[Stored items from a collection]
☆ ☆ ☆

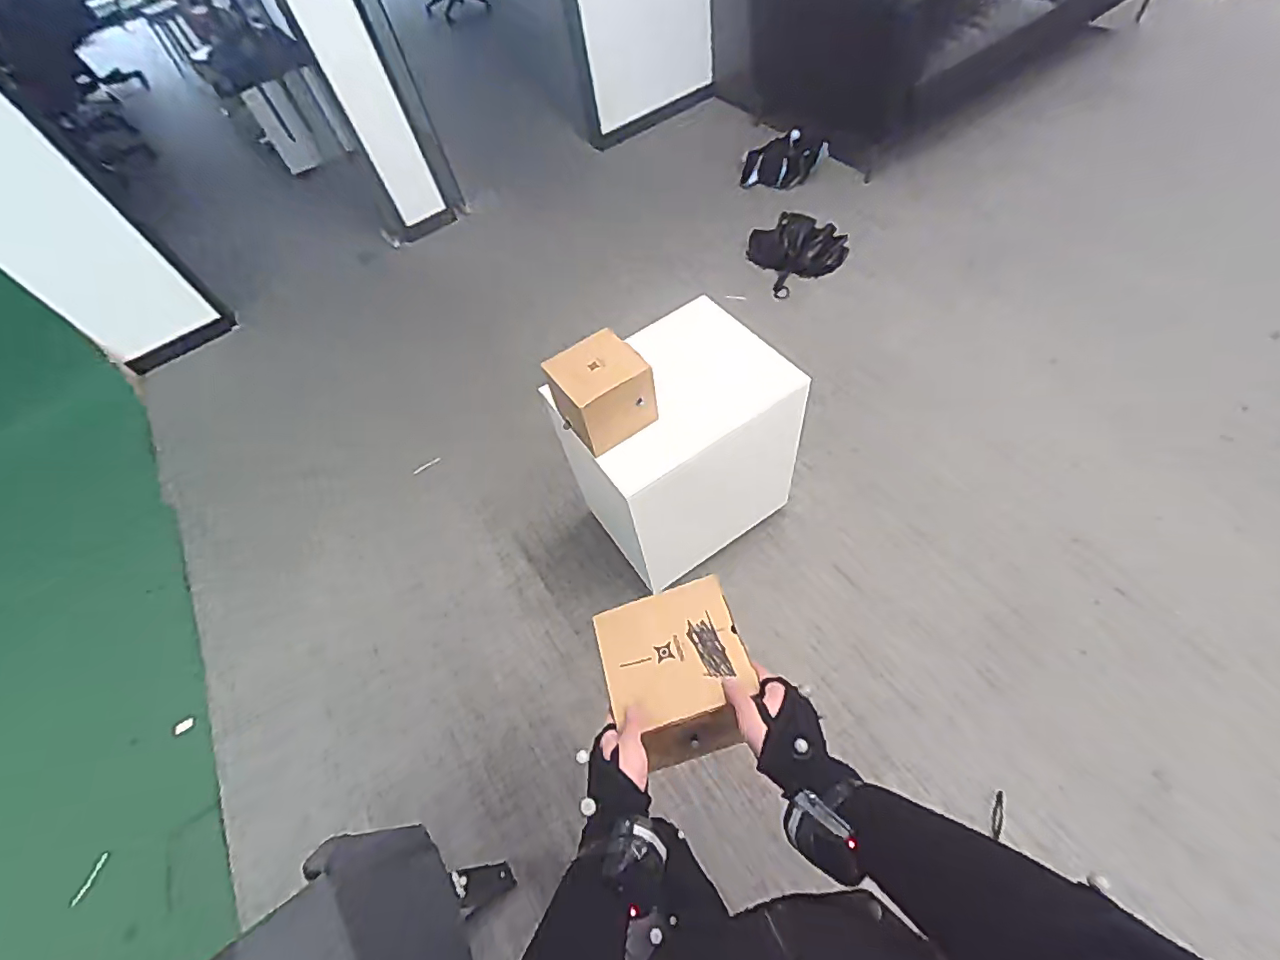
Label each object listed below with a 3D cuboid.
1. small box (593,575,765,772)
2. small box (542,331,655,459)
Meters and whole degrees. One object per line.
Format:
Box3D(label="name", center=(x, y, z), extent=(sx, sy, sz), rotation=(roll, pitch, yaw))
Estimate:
Box3D(label="small box", center=(0.052, 0.256, 0.709), extent=(0.179, 0.176, 0.168), rotation=(-17, 47, -1))
Box3D(label="small box", center=(-0.081, -0.179, 1.158), extent=(0.179, 0.176, 0.168), rotation=(-33, 57, -15))
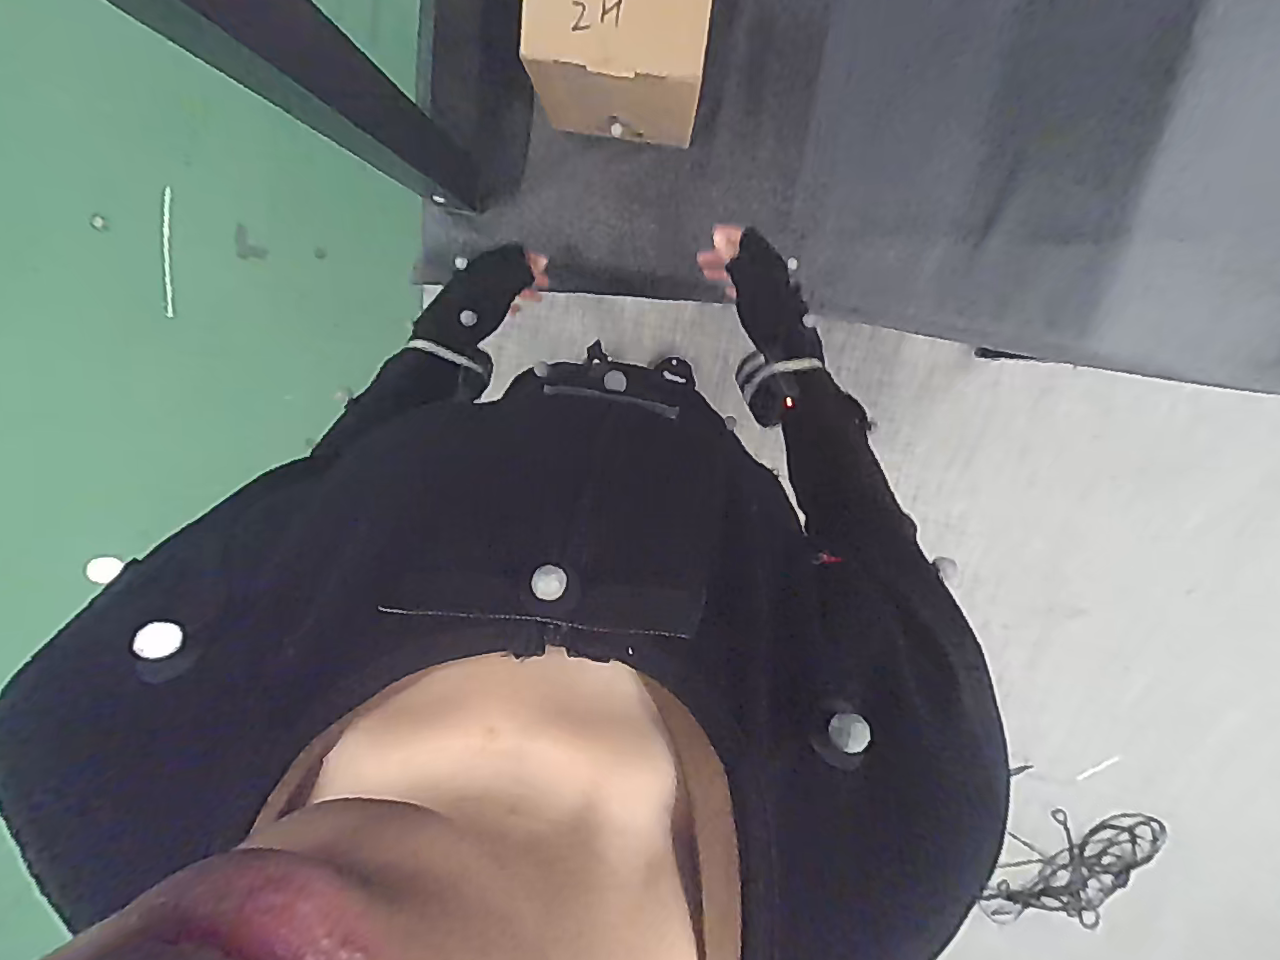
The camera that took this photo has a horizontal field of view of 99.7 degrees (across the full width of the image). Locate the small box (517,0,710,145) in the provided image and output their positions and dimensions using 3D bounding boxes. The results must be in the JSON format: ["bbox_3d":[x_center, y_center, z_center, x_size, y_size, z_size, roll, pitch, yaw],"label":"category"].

☆ ☆ ☆

INSTRUCTIONS TO FOLLOW – Where the data contains images, drop them and print the rest exactly.

RESPONSE TO THE TASK –
Label each object listed below with a 3D cuboid.
1. small box (593,575,765,772)
2. small box (542,331,655,459)
Meters and whole degrees. One object per line.
Format:
Box3D(label="name", center=(x, y, z), extent=(sx, sy, sz), rotation=(roll, pitch, yaw))
Estimate:
Box3D(label="small box", center=(0.052, 0.256, 0.709), extent=(0.179, 0.176, 0.168), rotation=(-17, 47, -1))
Box3D(label="small box", center=(-0.081, -0.179, 1.158), extent=(0.179, 0.176, 0.168), rotation=(-33, 57, -15))
The camera that took this photo has a horizontal field of view of 99.7 degrees (across the full width of the image). Locate the small box (517,0,710,145) in the provided image and output their positions and dimensions using 3D bounding boxes. The results must be in the JSON format: ["bbox_3d":[x_center, y_center, z_center, x_size, y_size, z_size, roll, pitch, yaw],"label":"category"].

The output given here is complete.